#### Problem description
Pictures are to be left out. Copy exactly, and only, the lines from the start of the entries below to the line with "1. name: x y z sx sy sz roll pitch yaw", both included.

........

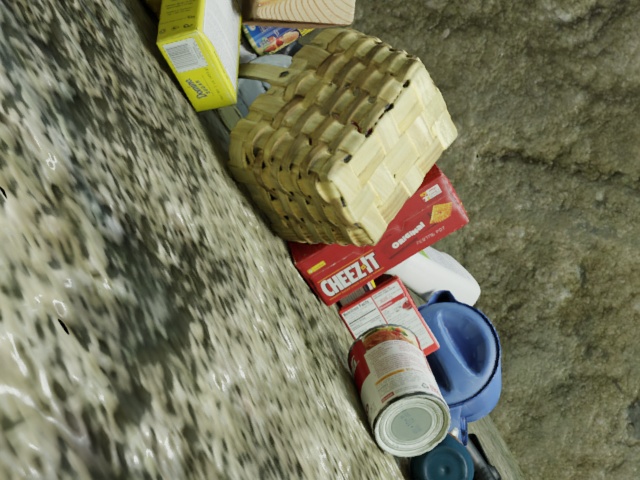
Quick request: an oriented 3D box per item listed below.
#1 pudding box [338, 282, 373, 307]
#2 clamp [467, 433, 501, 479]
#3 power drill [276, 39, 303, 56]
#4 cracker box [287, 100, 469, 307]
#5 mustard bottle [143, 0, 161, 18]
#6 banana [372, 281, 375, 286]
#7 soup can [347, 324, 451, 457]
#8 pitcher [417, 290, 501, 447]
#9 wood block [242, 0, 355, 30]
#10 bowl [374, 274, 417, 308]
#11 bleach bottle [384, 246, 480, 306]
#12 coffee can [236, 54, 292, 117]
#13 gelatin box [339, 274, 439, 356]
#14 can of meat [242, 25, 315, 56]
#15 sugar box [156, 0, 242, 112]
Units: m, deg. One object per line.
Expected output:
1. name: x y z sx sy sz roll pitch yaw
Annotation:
1. pudding box: 0.043 0.063 1.186 0.113 0.039 0.090 59 6 -5
2. clamp: 0.235 0.332 1.511 0.171 0.039 0.120 61 15 21
3. power drill: -0.085 -0.278 1.424 0.184 0.057 0.187 29 0 10
4. cracker box: 0.041 -0.046 1.089 0.072 0.164 0.214 54 7 -30
5. mustard bottle: -0.131 -0.235 1.077 0.191 0.058 0.096 49 21 -65
6. banana: 0.038 0.030 1.361 0.198 0.037 0.069 -110 -176 -57
7. soup can: 0.067 0.128 0.912 0.068 0.068 0.102 56 7 -31
8. pitcher: 0.175 0.180 1.388 0.145 0.149 0.242 39 -5 22
9. wood block: -0.029 -0.256 1.047 0.206 0.090 0.090 -138 -129 -75
10. bowl: 0.077 0.048 1.498 0.162 0.055 0.162 59 6 -10
11. bleach bottle: 0.108 0.024 1.358 0.250 0.068 0.103 31 11 -49
12. coffee can: -0.047 -0.155 1.190 0.103 0.103 0.140 59 5 -8
13. gelatin box: 0.072 0.093 1.125 0.089 0.073 0.030 59 5 -1
14. can of meat: -0.047 -0.256 1.236 0.057 0.084 0.102 60 5 -1
15. sugar box: -0.104 -0.212 0.951 0.093 0.048 0.176 64 19 -52

........

#### Result
Quick request: an oriented 3D box per item listed below.
#1 pudding box [338, 282, 373, 307]
#2 clamp [467, 433, 501, 479]
#3 power drill [276, 39, 303, 56]
#4 cracker box [287, 100, 469, 307]
#5 mustard bottle [143, 0, 161, 18]
#6 banana [372, 281, 375, 286]
#7 soup can [347, 324, 451, 457]
#8 pitcher [417, 290, 501, 447]
#9 wood block [242, 0, 355, 30]
#10 bowl [374, 274, 417, 308]
#11 bleach bottle [384, 246, 480, 306]
#12 coffee can [236, 54, 292, 117]
#13 gelatin box [339, 274, 439, 356]
#14 can of meat [242, 25, 315, 56]
#15 sugar box [156, 0, 242, 112]
Units: m, deg. One object per line.
Expected output:
1. name: x y z sx sy sz roll pitch yaw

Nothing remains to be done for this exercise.